CP
asymmetry is the only non-trivial difference between matter and antimatter
found so far. Its discovery in neutral kaon decays in 1964 came as a big
surprise to the physics community, but today it is an essential component of
the Standard Model of particle physics. Without CP asymmetry the Big Bang would
have created equal amounts of matter and antimatter, which would all have then
annihilated, leaving behind an empty Universe filled with radiation. To produce
a matter-dominated Universe like the one we live in, an excess of matter must
have formed and survived this annihilation. But to produce such an excess, some
difference between matter and antimatter must be present: enter CP asymmetry.

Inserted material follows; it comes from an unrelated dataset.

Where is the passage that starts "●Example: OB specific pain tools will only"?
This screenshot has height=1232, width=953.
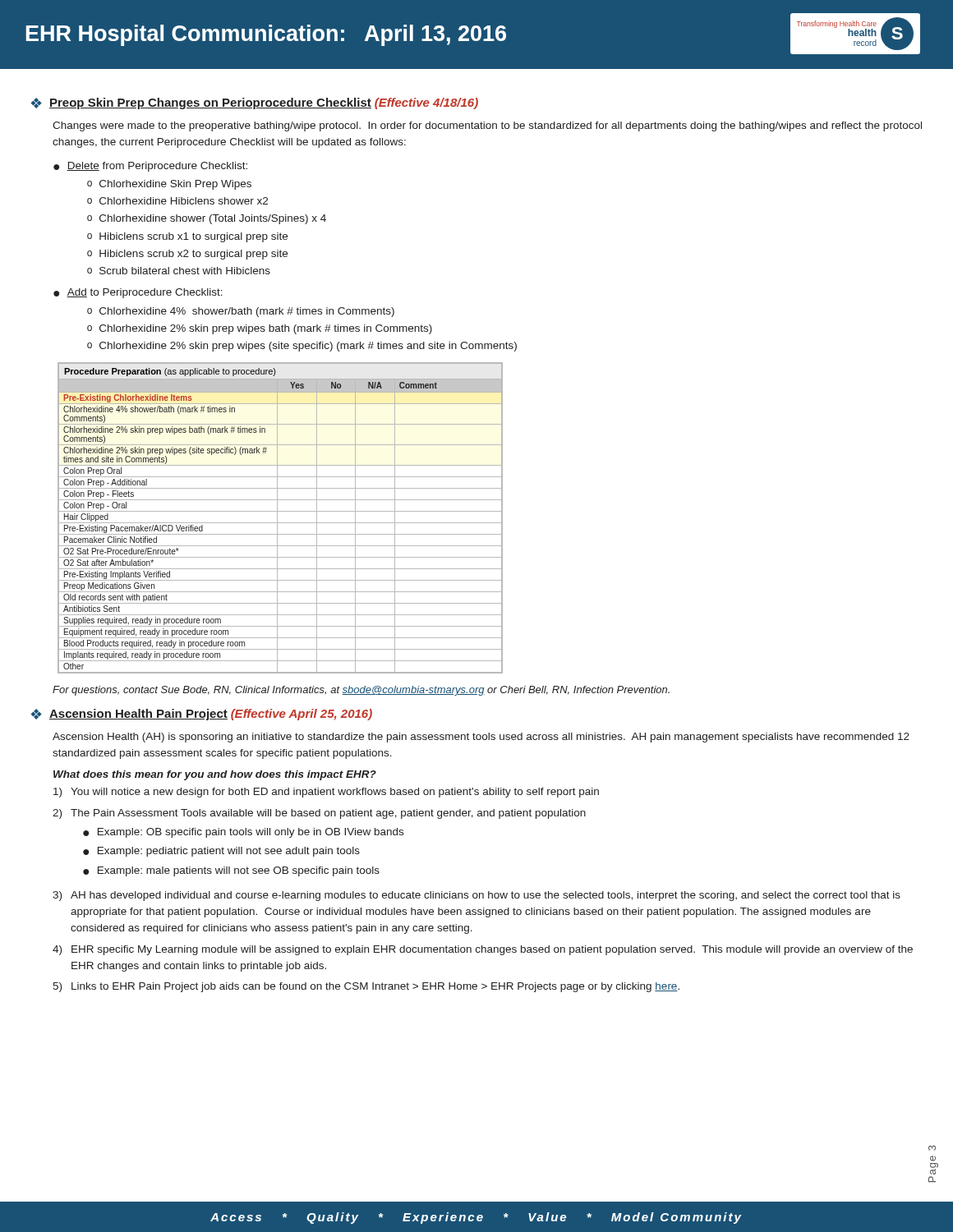point(243,833)

Unfortunately, the amount of CP asymmetry present in the Standard Model of
particle physics is not enough to explain the observed composition of the
Universe, driving extensive studies of this phenomenon and searches for other
sources of CP asymmetry.
This
week, at the Rencontres de Moriond Electroweak conference and during a seminar
held at CERN, the LHCb collaboration presented new results from studies of CP
asymmetry in charmless three-body decays of charged B mesons. These decays
involve a charged B meson, consisting of a beauty quark and an up quark,
transforming into a combination of π and K mesons. The name “charmless” refers
to the absence of charm quarks in the final state: π± mesons (pions) contain
only up and down quarks, and K± mesons (kaons) contain a strange and an up
quark. Charmless decays involve the transformation of a beauty quark into an up
quark, which is an unlikely process, as the beauty quark predominantly decays
into a charm quark. In this rare process the effects of CP violation are
expected to be enhanced.
The new
LHCb results focus on “direct” CP violation: a phenomenon where the same decay
process has a different probability for a particle than for an antiparticle.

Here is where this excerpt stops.